> [Description of the task]:
What the task requires is an exact printout of the listing below, pictures excluded.

◇ ◇ ◇

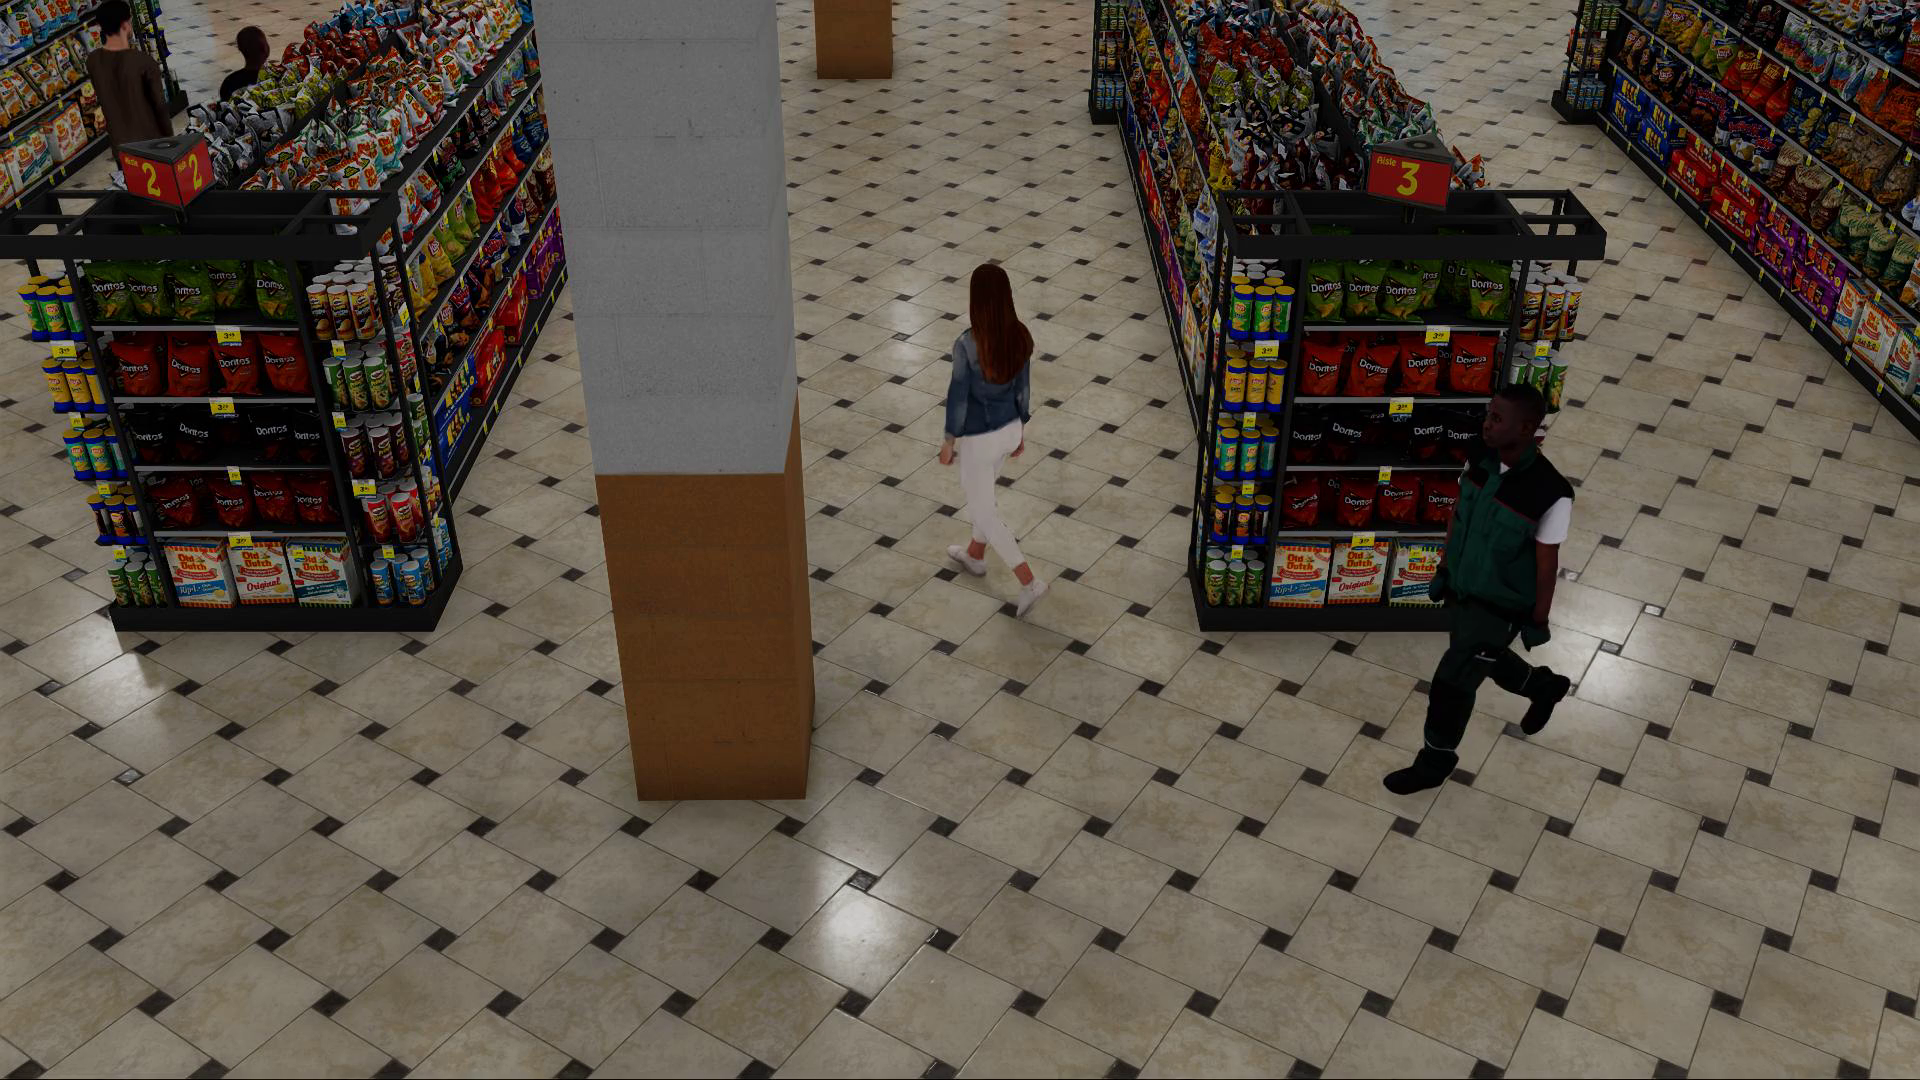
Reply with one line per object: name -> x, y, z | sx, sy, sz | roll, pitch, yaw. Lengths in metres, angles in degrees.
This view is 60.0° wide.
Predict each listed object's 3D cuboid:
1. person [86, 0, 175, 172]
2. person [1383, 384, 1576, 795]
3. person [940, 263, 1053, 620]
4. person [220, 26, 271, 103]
person -> -5.439, -2.572, 10.985 | 0.644, 1.873, 0.623 | -1, 32, -1
person -> 2.176, 0.199, 6.592 | 1.021, 1.808, 1.189 | -13, 34, -19
person -> 0.190, -0.426, 7.722 | 1.035, 1.677, 1.112 | -26, 40, -35
person -> -4.367, -2.322, 10.682 | 0.686, 1.768, 1.211 | 1, 32, 1

◇ ◇ ◇

> [Output for this exercise]:
Reply with one line per object: name -> x, y, z | sx, sy, sz | roll, pitch, yaw. Lengths in metres, angles in degrees.
This view is 60.0° wide.
Predict each listed object's 3D cuboid:
1. person [86, 0, 175, 172]
2. person [1383, 384, 1576, 795]
3. person [940, 263, 1053, 620]
4. person [220, 26, 271, 103]
person -> -5.439, -2.572, 10.985 | 0.644, 1.873, 0.623 | -1, 32, -1
person -> 2.176, 0.199, 6.592 | 1.021, 1.808, 1.189 | -13, 34, -19
person -> 0.190, -0.426, 7.722 | 1.035, 1.677, 1.112 | -26, 40, -35
person -> -4.367, -2.322, 10.682 | 0.686, 1.768, 1.211 | 1, 32, 1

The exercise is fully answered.